Polarizability and dipole moments. The addition of the supercharging reagent sulfolane on cytochrome introduced another dimension to the debate, in that, while supercharging was observed in the positive ionization mode, no change in the charge state distribution was observed in the negative mode.⁹ This, therefore, eliminates polarity-independent factors such as conformational changes or surface tension effects. The authors also reported the formation of adducts between cytochrome and sulfolane thus supporting the report of Hogan et al.¹³

Further, the study by Douglass and Venter demonstrated that supercharging was shown to increase with increasing dipole moment for the supercharging reagents sulfolane and sulfolene.⁹ Finally, if an increase in surface tension is the cause of supercharging, then it should occur in both the positive and negative modes since the effect of surface tension on the Rayleigh limit is independent of the polarity of the charge. Like many other identified supercharging reagents, sulfolane is highly polar with a dipole moment of 4.35 D, much higher than that of water (1.85 D) or methanol (1.70 D) (Table 1).

The interaction of supercharging reagents with charged basic sites would depend on the molecular structure, such as the type and location of functional groups. Thus, they exhibit low solution-phase basicities and relatively low gas-phase basicities.⁸ For example, the most effective supercharging reagents have one or more carbonyl, sulfonyl, or nitro groups present in their structure (Table 1), which may be important for intermolecular interactions between the supercharging reagent and the charged basic site. Lomeli et al. demonstrated that supercharging occurs not only when liquid m-NBA is present, but also with solid o- or p-isomers. This provides some evidence against increased surface tension causing supercharging.⁸

1.1.2. Direct interaction.
Adduct formation. Examination of the mass spectra generated from the addition of these reagents show adduct formation on the higher charges. This suggests that there is a direct interaction between these reagents and fragments of unfolding polypeptides and proteins.^8,9 Circular dichroism measurements while titrating myoglobin with 6 M guanidinium hydrochloride in the presence of 0%, 2.5%, 5.0%, or 7.5% sulfolane established that sulfolane destabilized the protein by ∼1.5 kcal mol⁻¹ (moles L⁻¹ of GuHCl)⁻¹, which Sterling and co-workers¹² argued was evidence that chemical denaturation caused the charge increases observed when sulfolane is added to native-like solutions. However, they also found that without the added GuHCl, the helicity of myoglobin was lower, even at the highest sulfolane concentrations tested.
Chemical denaturation. Sterling's circular dichroism experiment indicates a chemical denaturation activity of sulfolane.¹² As supercharging reagents have low vapor pressures (higher surface tension), therefore it has been suggested that aqueous droplets are preferentially enriched in these reagents as evaporation occurs in the ESI environment. Sterling et al. reasoned that less evaporative cooling will occur after the droplets are substantially enriched in the low volatility supercharging reagent (i.e. the organic solvent is evaporated first), and the droplet temperature should be higher compared with when these reagents are not present, in the more aqueous environment.¹² Furthermore, Sterling et al. rationalized that protein unfolding induced by chemical and/or thermal denaturation in the electrospray droplet appeared to be the primary origin of the enhanced charging observed for noncovalent protein complexes formed from aqueous solutions that contain these supercharging reagents, although other factors most certainly influence the extent of charging. However, some studies are not in agreement with this. For example, Yao et al.¹⁴ reported that supercharging of lysozyme by sulfolane was not related to protein unfolding during the ESI process.

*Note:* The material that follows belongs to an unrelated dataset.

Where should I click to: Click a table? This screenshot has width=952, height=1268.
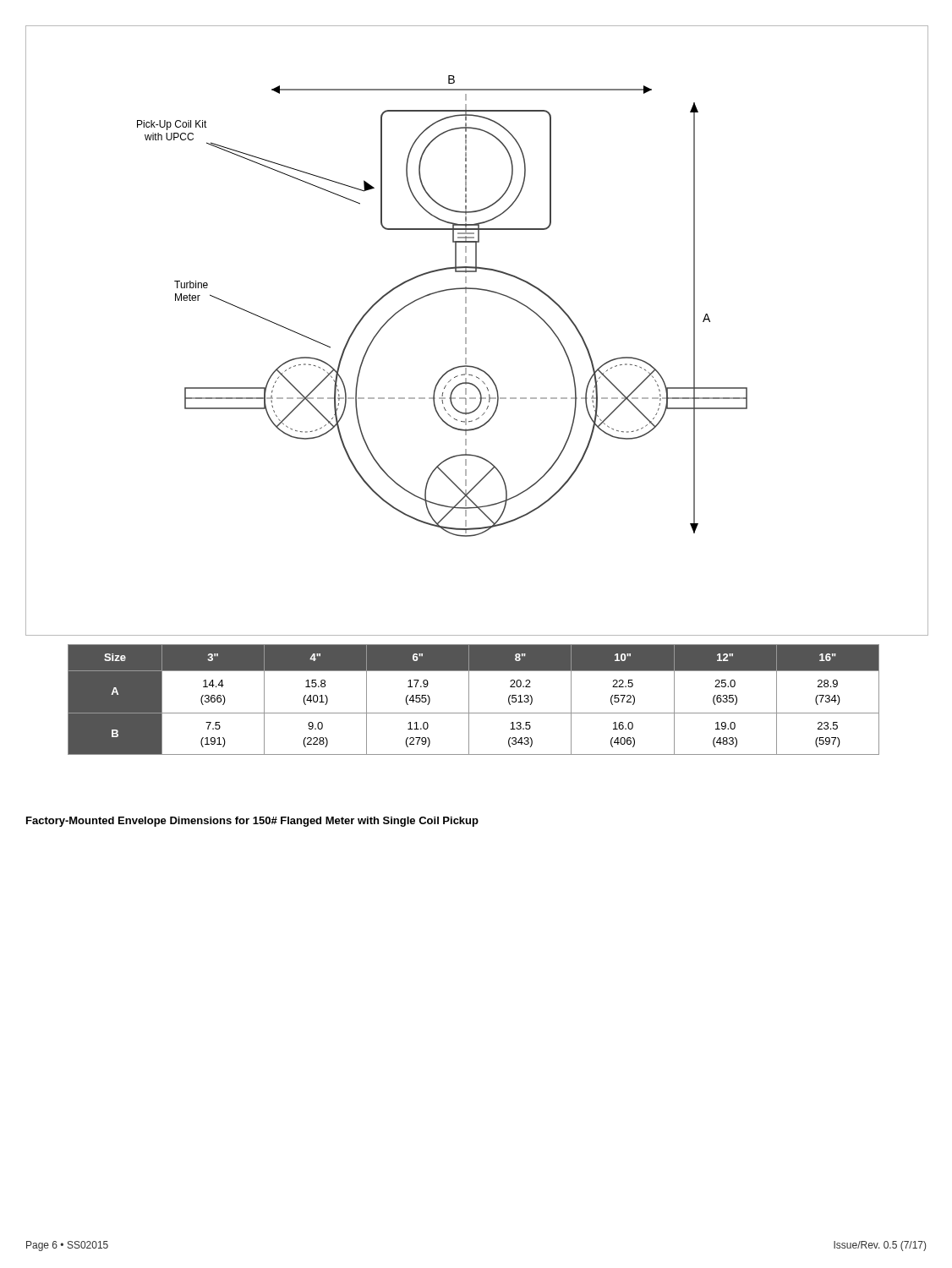pyautogui.click(x=473, y=699)
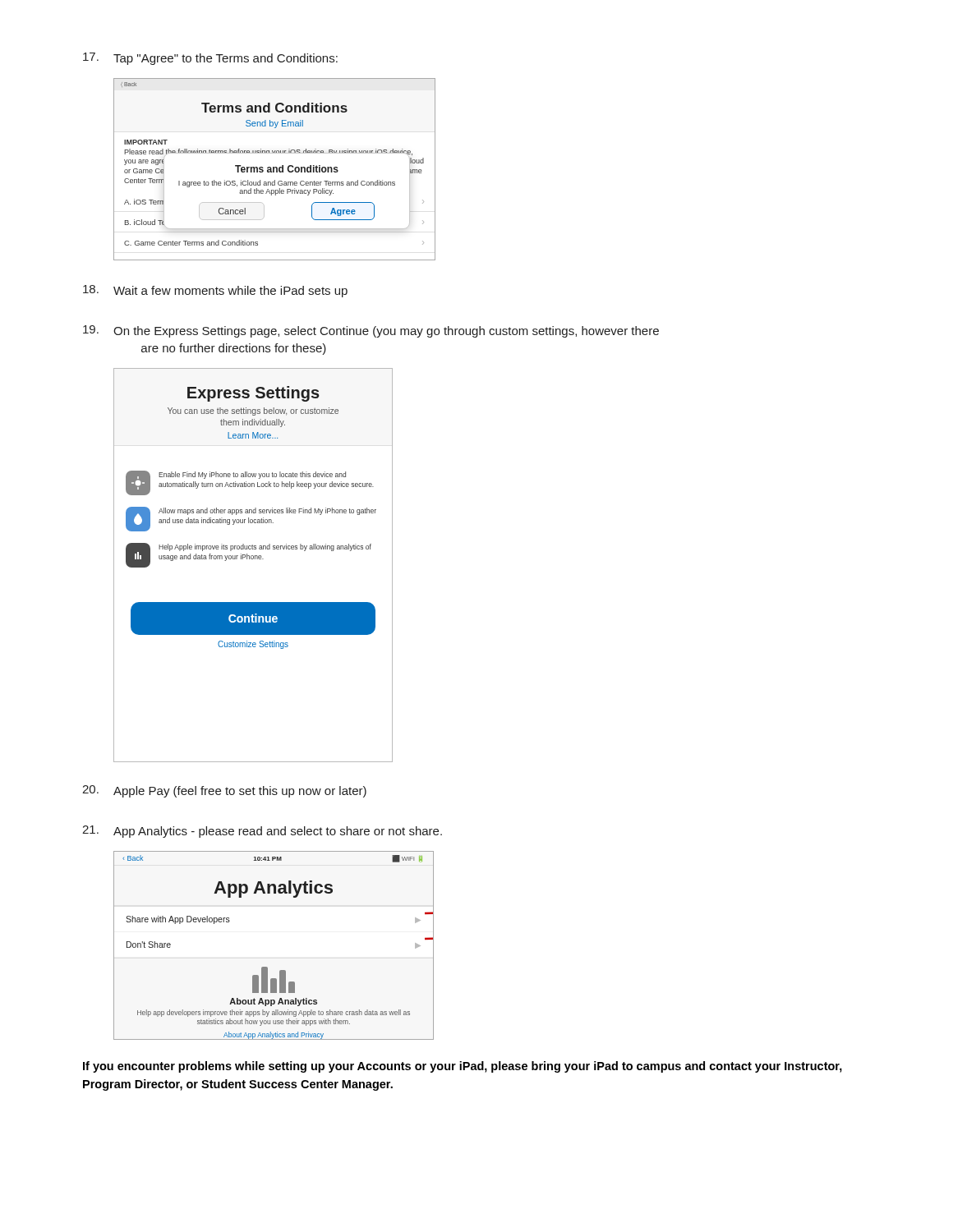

A report evaluating the potential of low volatility of supercharging reagents demonstrated that there was not a strong correlation between the extent of analyte (protein) charging with either surface tension, dipole moment, or dielectric constant of the additives.¹⁵ That is, there was no single physical property of an additive that significantly determined the extent of protein charging when formed from a solution mixture. What is clear, however, was that most of the supercharging reagents have higher boiling points, higher surface tension values, high dielectric constants, and higher dipole moments than the ESI solvents. Thus, a combination of these physicochemical properties together with other factors including adduct formation between analyte and supercharger, basicity at the solution, and gaseous phases, may all influence charging, although the extent of charging may depend on the experimental conditions.

A comprehensive list of 53 molecules of which 34 have been shown to have supercharging ability in experiments and 19 potential candidate isomers, together with some of their physico-chemical properties are given in Table 1. The molecules are grouped conveniently in terms of molecular structure and functional group given rise to four categories:

(1) Acyclic 3- to 4-membered and/or planar structures.

(2) Heterocyclic 4- to 5-membered molecules including the sulfones and S-containing ones. Dimethyl sulfone and N,N,N′N′-tetraethylsulfamide (TES) are acyclic molecules but are included in this category because they contain the sulfone functional group.

(3) Heterocyclic 4- to 5-membered molecules including the heterocyclic acetals.

(4) Molecules containing the benzene structure with at least two functional group attachments which may have opposite charges e.g. m-nitrobenzyl alcohol.

Recently, two new supercharging reagents N,N,N′,N′-tetraethylsulfamide (TES), and 3-methyl-2-oxazolidone (MOZ) were shown to counter the suppression activity of trifluoroacetic acid (TFA).¹⁶ The study also demonstrated that the two molecules increased charge states of peptides and proteins and improved separation efficiency during reverse-phase LC-MS determinations.

We suggest that the following 19 additives (denoted by ε and in italics, Table 1) are potential supercharging reagents and could be evaluated:

(1) Based on the fact that some of their isomers have successfully been demonstrated; methoxypropanol, 3-chloro-2H-thiete 1,1-dioxide, 4-butyrothiolactone, o-chlorophenol, p-chlorophenol, 3-nitrochlorobenzene, 4-nitrochlorobenzene, o-nitrophenylethanol, p-nitrophenyl ethanol, m-nitroanisole, o-(trifluoromethyl)-benzyl alcohol, and p-(trifluoromethyl)-benzyl alcohol, and,

(2) Molecules having a benzene ring structure and with two or more attached functional groups having opposing charges (‘dual polarity’ isomers); e.g. the isomers o-, m-, and p- of nitrobenzoic acid, nitrobenzonitrile and nitrophenethyl alcohol.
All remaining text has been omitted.